Предсказание кликов рекламы: прохождение интервью¶

~4 минуты чтения

Предварительно: Определение задачи | Компоненты системы

Кейс "Design Ad Click Prediction" (CTR prediction) -- один из самых частых на ML System Design интервью в Google, Meta, Amazon, TikTok. Уникальная сложность: нужно одновременно обеспечить калибровку (для аукциона), latency <10ms (для real-time serving), и масштаб 1M+ QPS. Интервьюер ожидает конкретику по модели (DCN/DeepFM), features (cross features!), calibration, и cold start handling.

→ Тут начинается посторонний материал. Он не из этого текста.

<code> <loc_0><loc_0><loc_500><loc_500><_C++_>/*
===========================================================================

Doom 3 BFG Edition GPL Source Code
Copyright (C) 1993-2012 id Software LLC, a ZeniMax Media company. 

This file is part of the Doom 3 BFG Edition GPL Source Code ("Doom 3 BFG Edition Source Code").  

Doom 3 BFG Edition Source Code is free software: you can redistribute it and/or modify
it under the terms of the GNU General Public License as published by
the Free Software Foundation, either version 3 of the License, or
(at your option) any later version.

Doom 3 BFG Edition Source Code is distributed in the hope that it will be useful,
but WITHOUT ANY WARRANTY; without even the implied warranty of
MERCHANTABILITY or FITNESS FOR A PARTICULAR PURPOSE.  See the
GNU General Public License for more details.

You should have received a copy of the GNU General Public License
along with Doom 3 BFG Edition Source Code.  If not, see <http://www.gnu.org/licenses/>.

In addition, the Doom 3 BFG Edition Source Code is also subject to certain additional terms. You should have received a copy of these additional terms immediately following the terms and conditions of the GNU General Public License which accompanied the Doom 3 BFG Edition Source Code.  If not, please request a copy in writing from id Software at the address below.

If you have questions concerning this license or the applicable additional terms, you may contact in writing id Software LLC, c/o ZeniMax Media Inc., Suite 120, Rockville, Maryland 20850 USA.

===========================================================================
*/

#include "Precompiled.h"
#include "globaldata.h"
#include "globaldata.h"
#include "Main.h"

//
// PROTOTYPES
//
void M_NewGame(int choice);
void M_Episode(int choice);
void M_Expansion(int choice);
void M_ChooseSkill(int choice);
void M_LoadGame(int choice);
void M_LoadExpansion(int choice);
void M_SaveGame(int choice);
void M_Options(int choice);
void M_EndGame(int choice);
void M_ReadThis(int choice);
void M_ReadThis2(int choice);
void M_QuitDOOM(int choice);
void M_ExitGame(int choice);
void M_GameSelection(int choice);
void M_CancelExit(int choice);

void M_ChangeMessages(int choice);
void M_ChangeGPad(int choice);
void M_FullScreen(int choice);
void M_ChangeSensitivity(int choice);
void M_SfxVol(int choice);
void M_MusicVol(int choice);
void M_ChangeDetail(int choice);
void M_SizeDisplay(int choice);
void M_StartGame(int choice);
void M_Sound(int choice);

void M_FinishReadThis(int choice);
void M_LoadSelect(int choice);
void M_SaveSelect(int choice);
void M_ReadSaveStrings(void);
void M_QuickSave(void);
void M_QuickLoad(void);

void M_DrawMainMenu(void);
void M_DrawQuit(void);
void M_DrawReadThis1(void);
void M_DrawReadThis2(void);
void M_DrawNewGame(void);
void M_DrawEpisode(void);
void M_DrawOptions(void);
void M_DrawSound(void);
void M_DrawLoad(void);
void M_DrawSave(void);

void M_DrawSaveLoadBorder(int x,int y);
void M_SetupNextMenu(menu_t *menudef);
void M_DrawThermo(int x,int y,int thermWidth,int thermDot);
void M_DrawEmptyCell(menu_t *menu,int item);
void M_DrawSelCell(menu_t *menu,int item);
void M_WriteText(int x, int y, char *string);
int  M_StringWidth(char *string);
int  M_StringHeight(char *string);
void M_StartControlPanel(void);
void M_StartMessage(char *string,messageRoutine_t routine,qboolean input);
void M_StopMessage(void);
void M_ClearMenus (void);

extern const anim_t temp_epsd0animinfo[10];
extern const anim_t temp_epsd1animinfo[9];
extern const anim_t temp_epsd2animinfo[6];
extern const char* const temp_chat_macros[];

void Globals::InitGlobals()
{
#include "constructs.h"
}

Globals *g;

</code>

Interview Framework (45-60 min)¶

0-5 min:   Clarifying questions
5-15 min:  High-level design
15-30 min: Deep dive (model architecture, features)
30-45 min: Scaling & calibration
45-60 min: Extensions & Q&A

Step 1: Clarifying Questions (5 min)¶

**Scope:**
- What type of ads? (search, display, video)
- What platform? (social feed, search results, content site)

**Scale:**
- QPS for ad requests?
- Number of ads in inventory?
- Latency requirement?

**Business:**
- Auction type? (CPC, CPM)
- Multi-objective? (CTR + conversion)
- Privacy constraints?

**Data:**
- What user data available?
- Historical data volume?
- Feature refresh frequency?

Step 2: High-Level Design (10 min)¶

Architecture¶

graph TD
    REQ["Ad Request"] --> SYSTEM["Ad Serving System"]

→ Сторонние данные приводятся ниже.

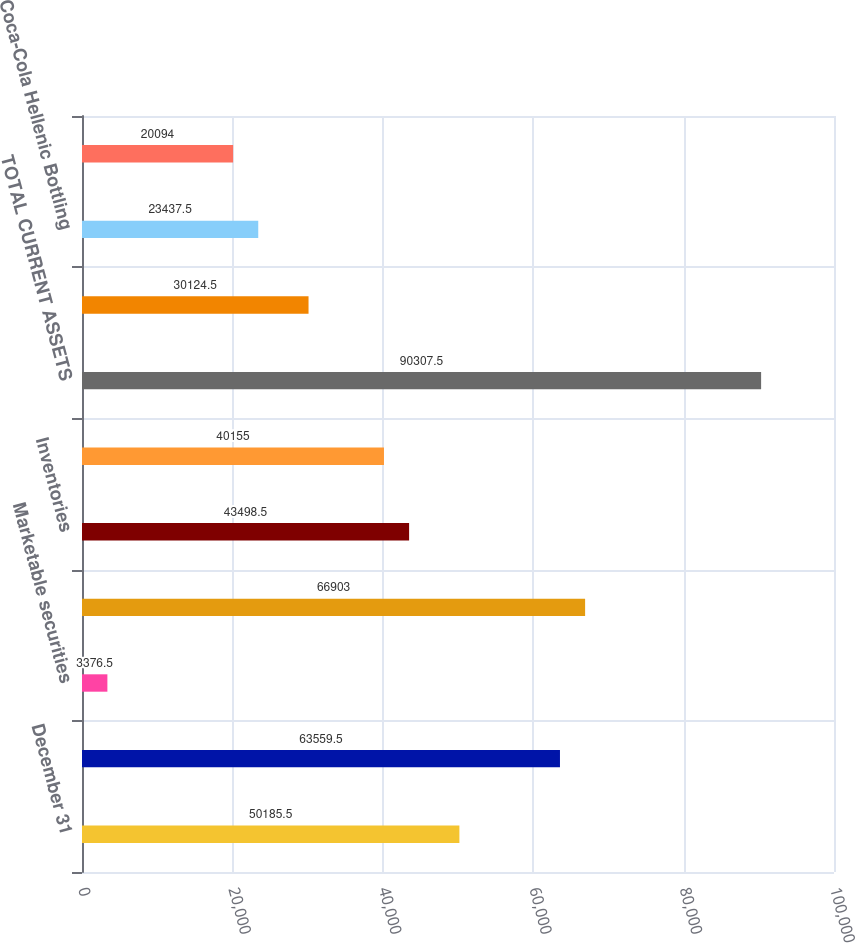Convert chart to OTSL. <chart><loc_0><loc_0><loc_500><loc_500><bar_chart><fcel>December 31<fcel>Cash and cash equivalents<fcel>Marketable securities<fcel>Trade accounts receivable less<fcel>Inventories<fcel>Prepaid expenses and other<fcel>TOTAL CURRENT ASSETS<fcel>Coca-Cola Enterprises Inc<fcel>Coca-Cola Hellenic Bottling<fcel>Coca-Cola FEMSA SAB de CV<nl><fcel>50185.5<fcel>63559.5<fcel>3376.5<fcel>66903<fcel>43498.5<fcel>40155<fcel>90307.5<fcel>30124.5<fcel>23437.5<fcel>20094<nl></chart>

    subgraph PIPELINE ["Ad Serving Pipeline"]
        direction LR
        CS["Candidate<br/>Selection"] --> CTR["CTR Model<br/>Prediction"]
        CTR --> AUC["Auction<br/>Ranking"]
    end

    SYSTEM --> PIPELINE
    SYSTEM -.-> FS["Feature Store<br/>(Redis)"]
    SYSTEM -.-> MS["Model Server<br/>(TensorRT)"]
    SYSTEM -.-> AI["Ad Index<br/>(In-memory)"]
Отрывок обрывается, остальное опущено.